**EXERCISE BRIEF:** Leaving pictures out, repeat word for word the line that has "I'm looking for" and each line that follows it to the end of the listing.
PROVIDED INFORMATION below:
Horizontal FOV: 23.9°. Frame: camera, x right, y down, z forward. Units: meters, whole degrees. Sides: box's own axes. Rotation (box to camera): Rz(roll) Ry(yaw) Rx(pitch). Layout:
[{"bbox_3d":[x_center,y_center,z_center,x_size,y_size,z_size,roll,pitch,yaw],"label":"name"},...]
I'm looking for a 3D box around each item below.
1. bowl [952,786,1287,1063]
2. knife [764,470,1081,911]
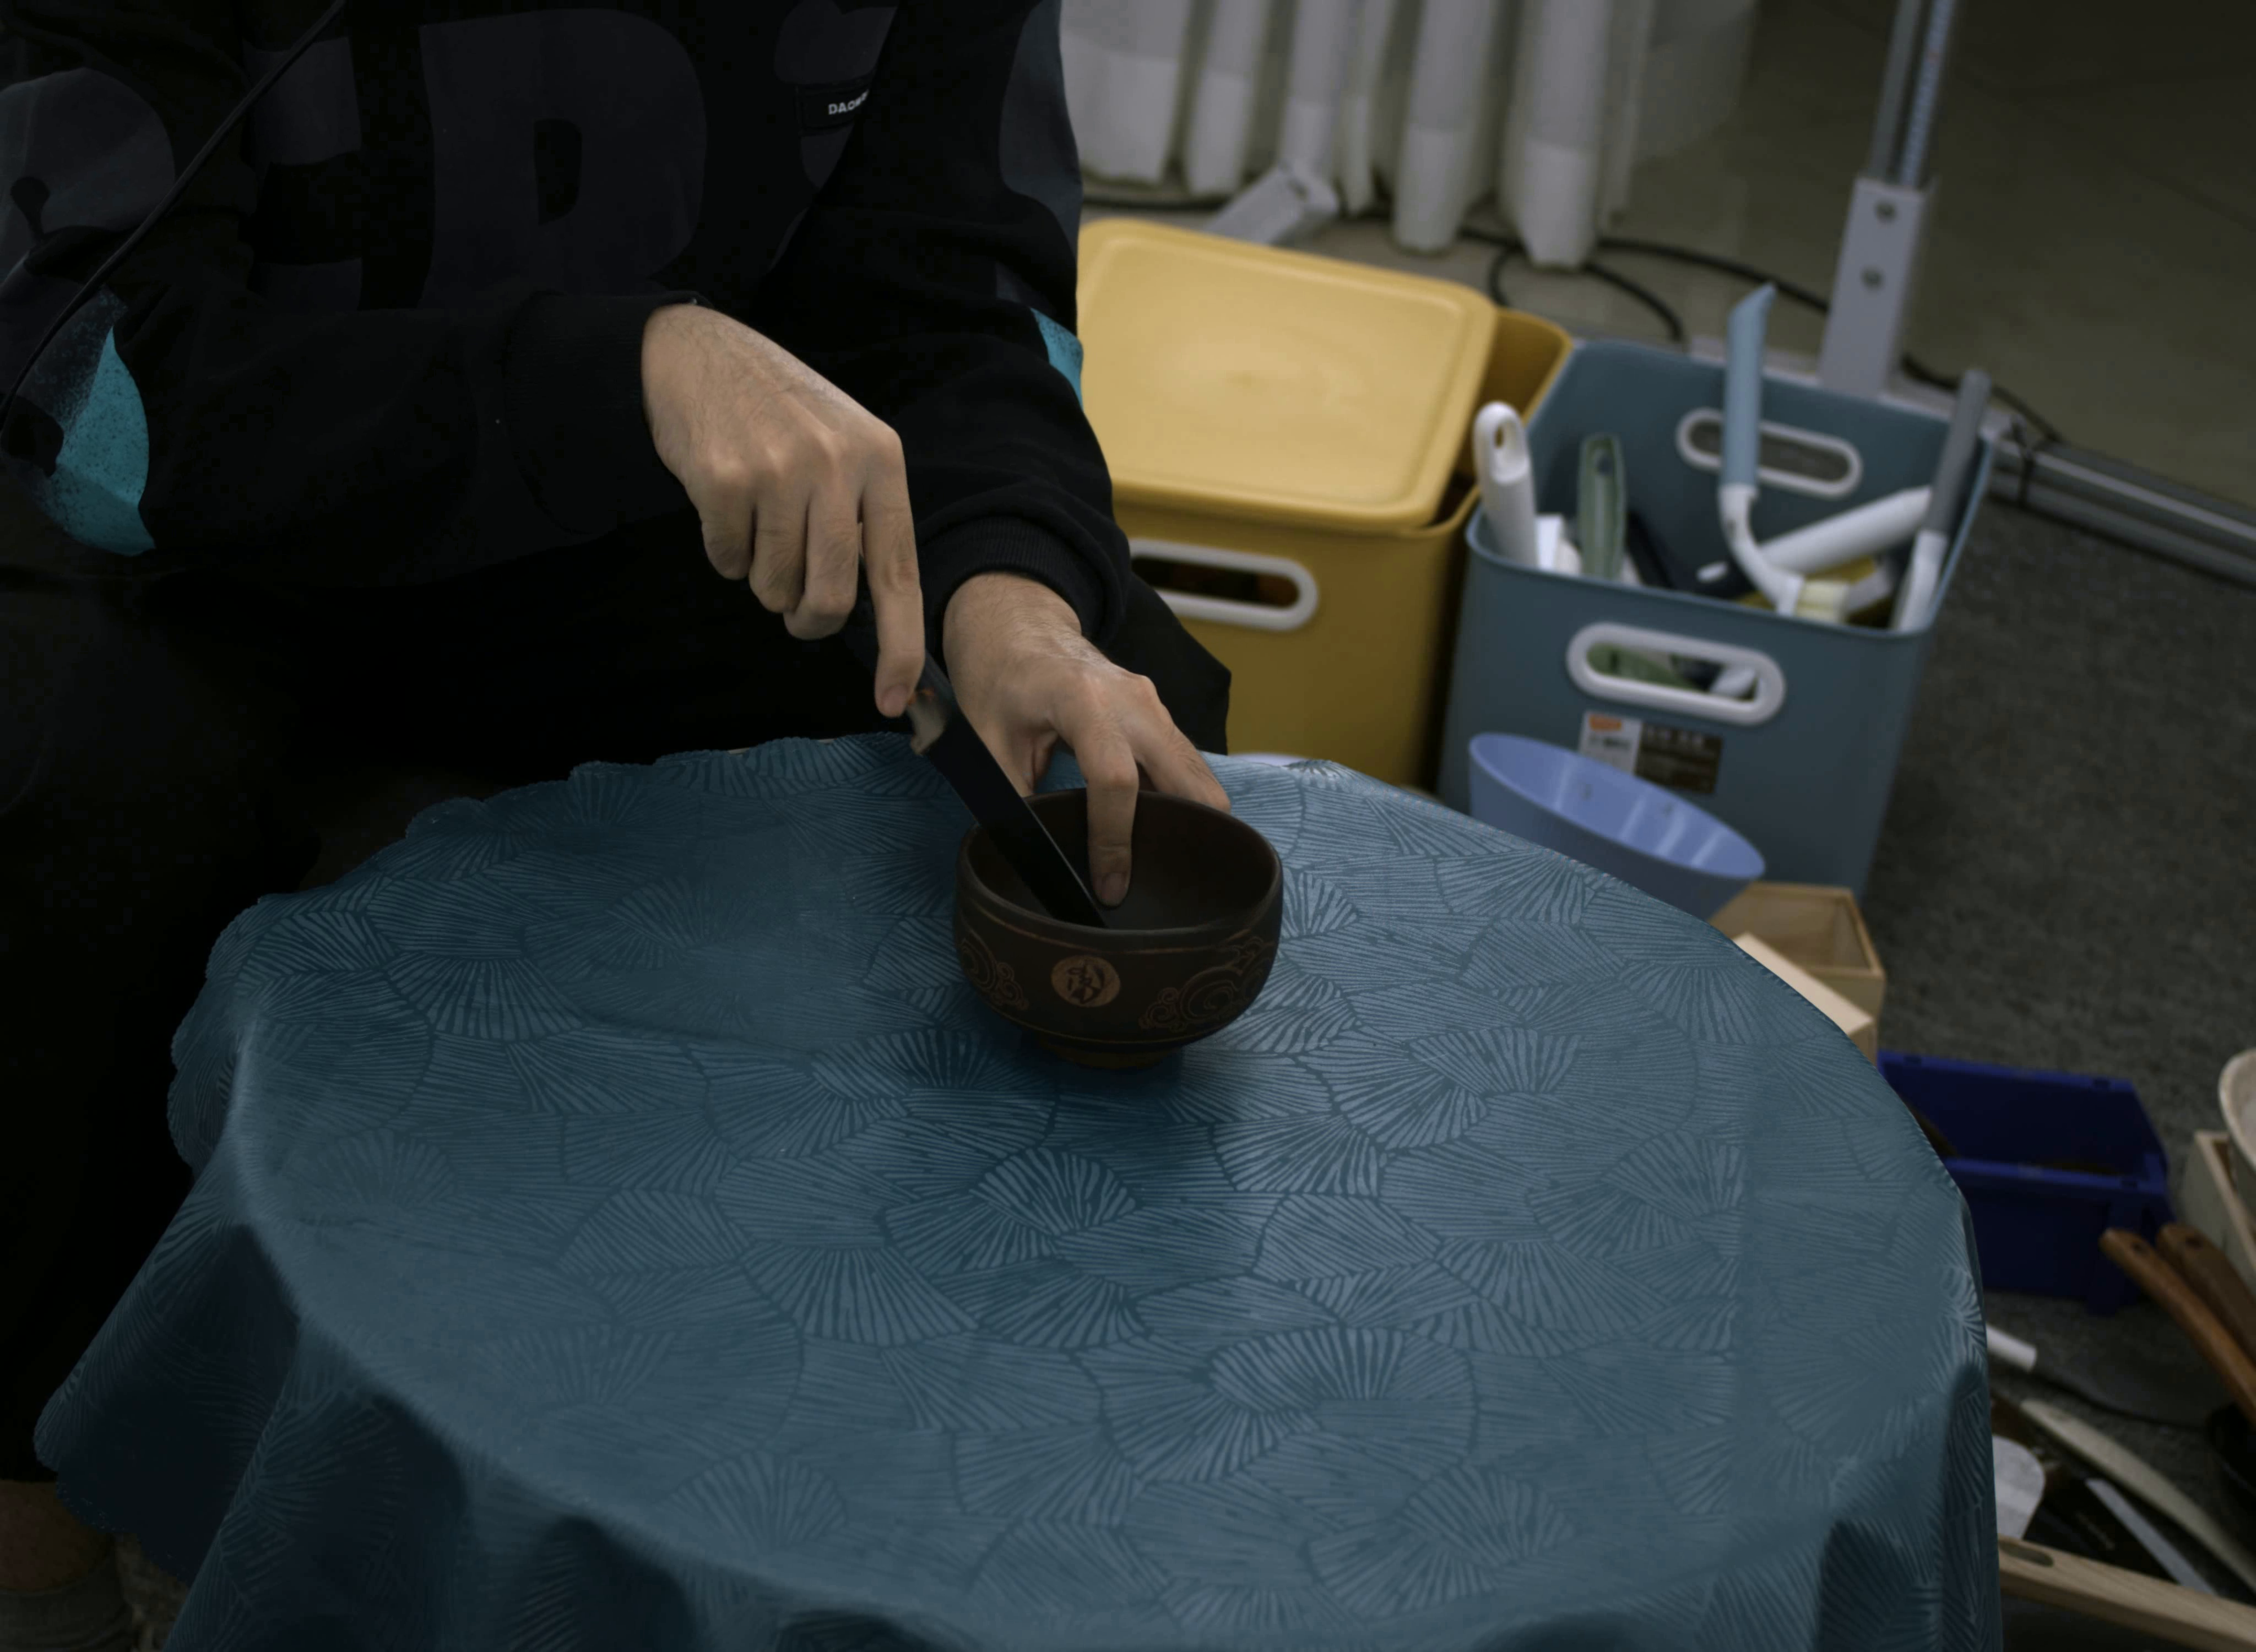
[{"bbox_3d":[-0.005,0.041,1.880,0.117,0.069,0.118,5,24,-3],"label":"bowl"},{"bbox_3d":[-0.061,-0.028,1.878,0.225,0.026,0.017,56,21,-1],"label":"knife"}]
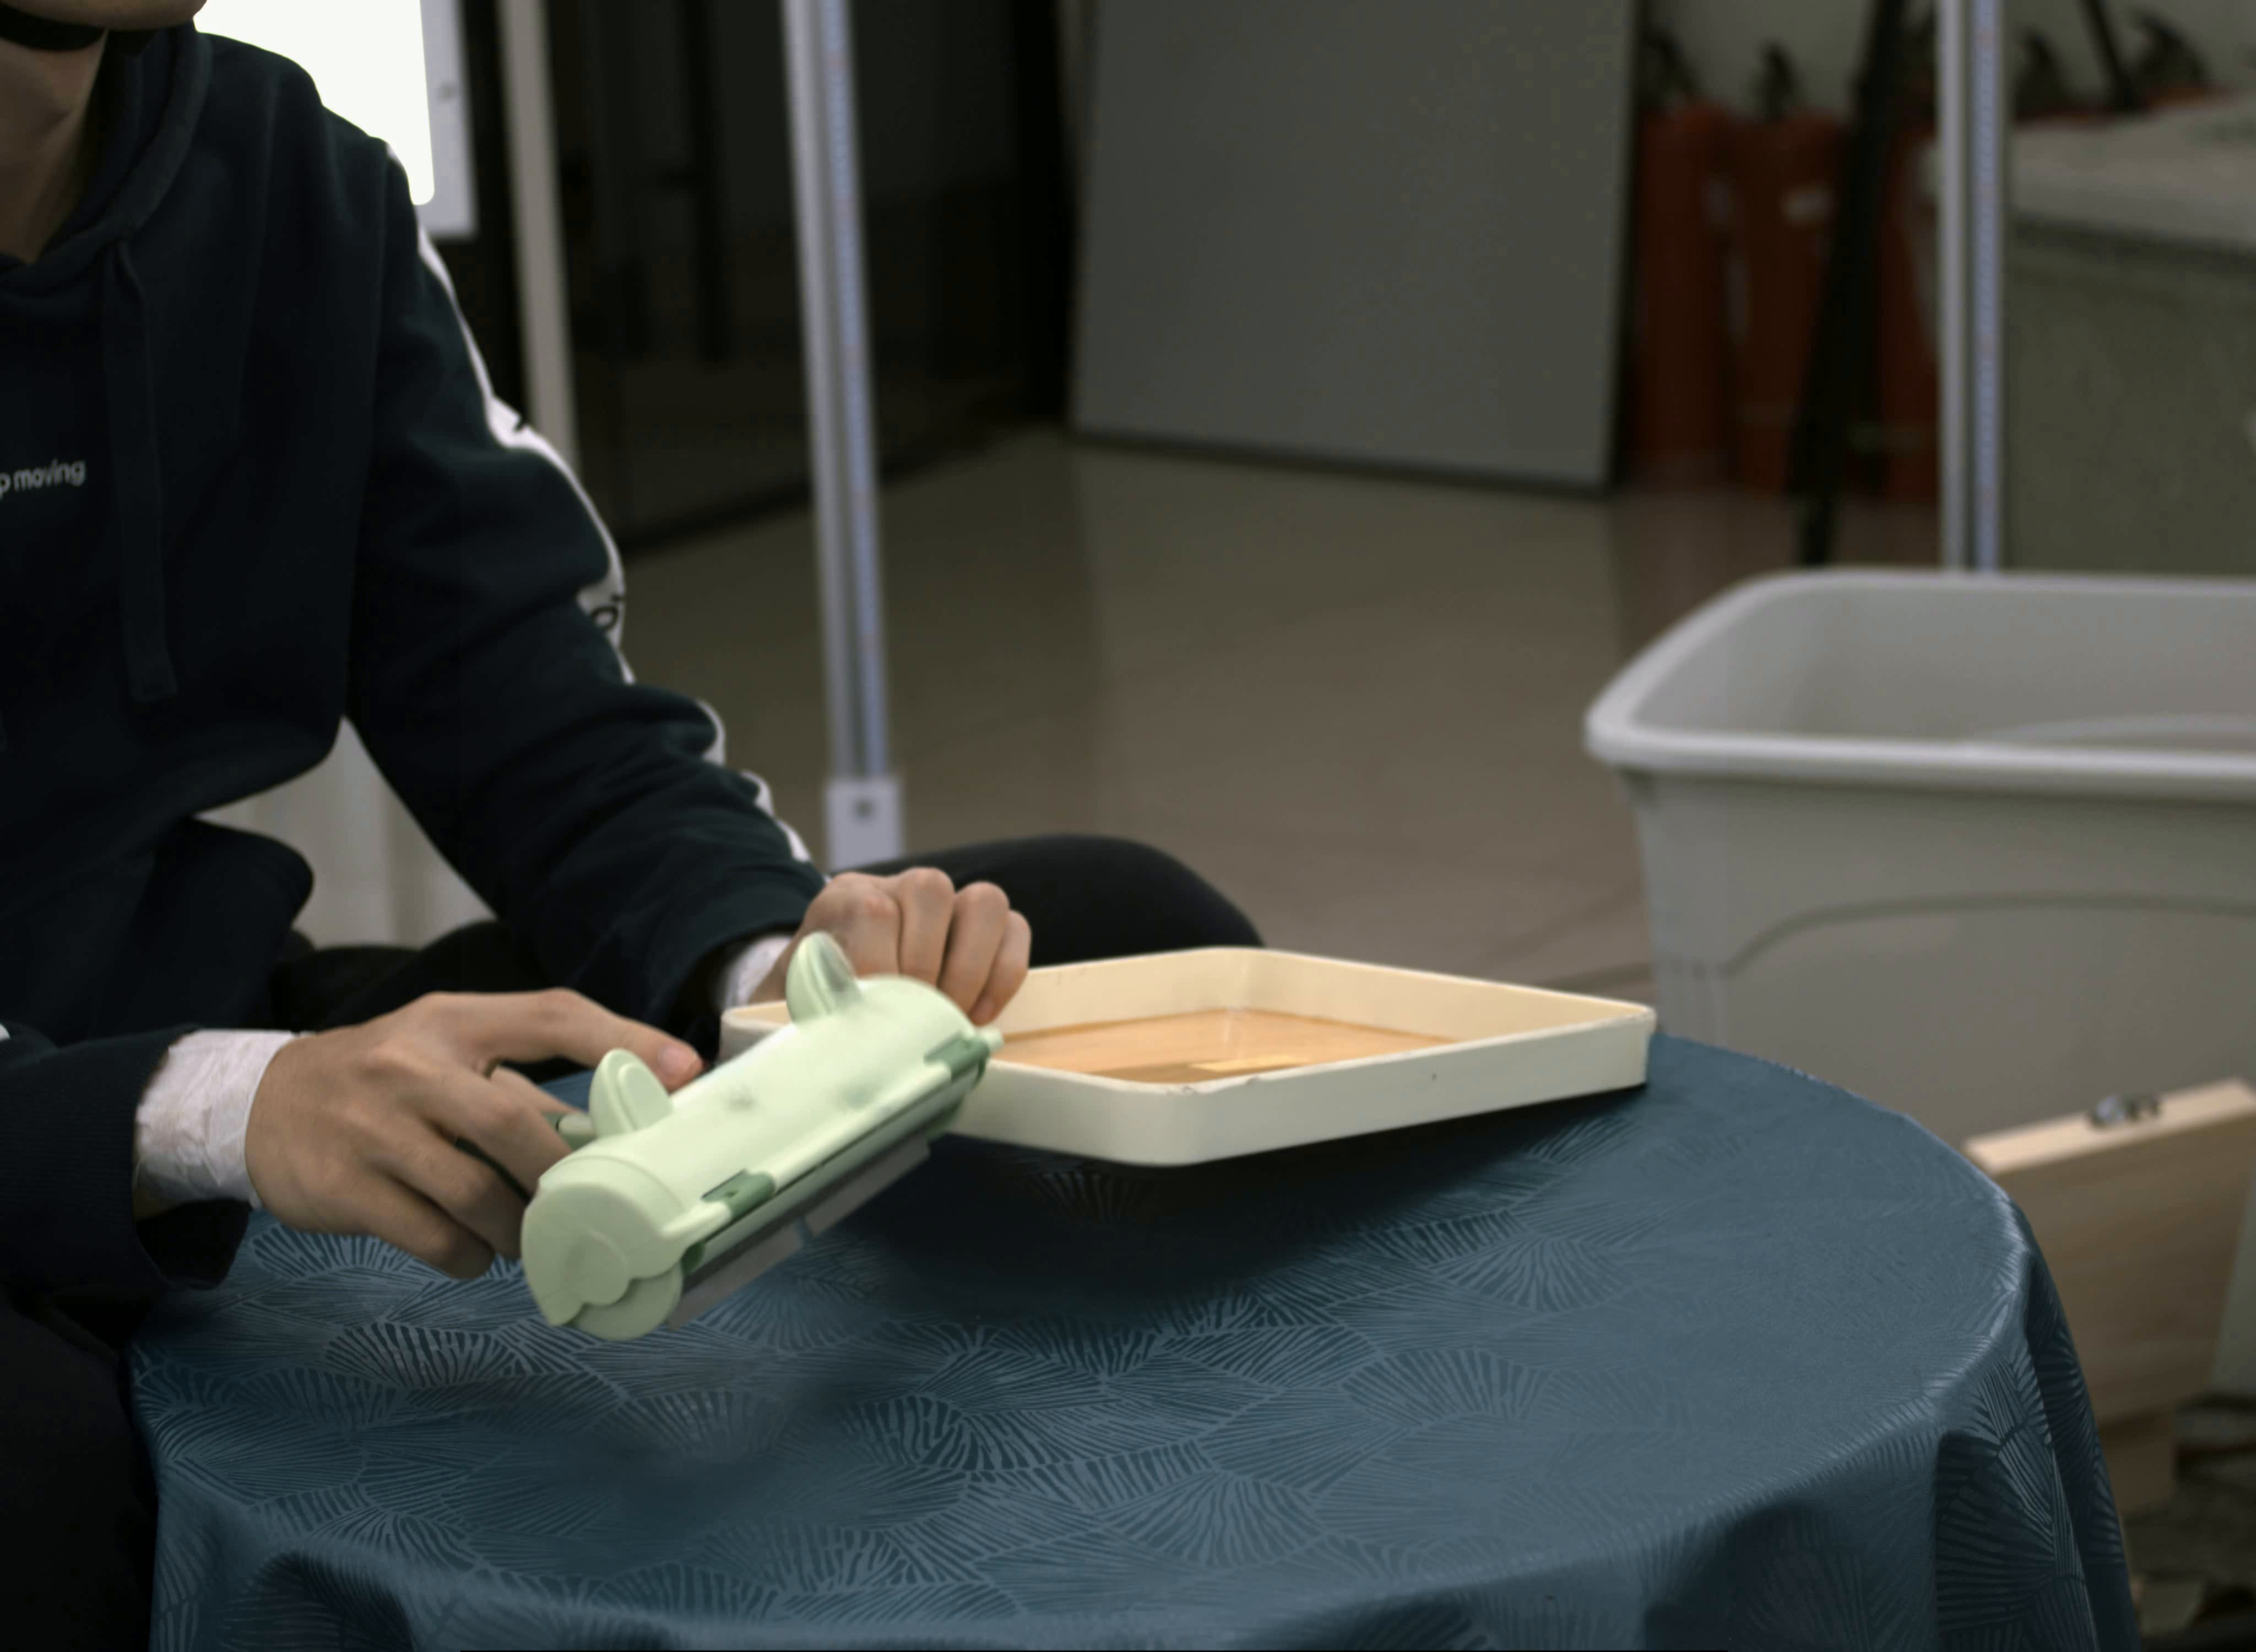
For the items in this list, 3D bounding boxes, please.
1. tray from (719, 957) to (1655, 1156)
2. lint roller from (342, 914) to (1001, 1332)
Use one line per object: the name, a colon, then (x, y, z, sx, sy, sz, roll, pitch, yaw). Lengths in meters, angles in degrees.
End of PROVIDED INFORMATION.
**REPLY:**
I'm looking for a 3D box around each item below.
1. bowl [952,786,1287,1063]
2. knife [764,470,1081,911]
[{"bbox_3d":[-0.005,0.041,1.880,0.117,0.069,0.118,5,24,-3],"label":"bowl"},{"bbox_3d":[-0.061,-0.028,1.878,0.225,0.026,0.017,56,21,-1],"label":"knife"}]
For the items in this list, 3D bounding boxes, please.
1. tray from (719, 957) to (1655, 1156)
2. lint roller from (342, 914) to (1001, 1332)
Use one line per object: the name, a colon, then (x, y, z, sx, sy, sz, roll, pitch, yaw). Lengths in meters, angles in degrees.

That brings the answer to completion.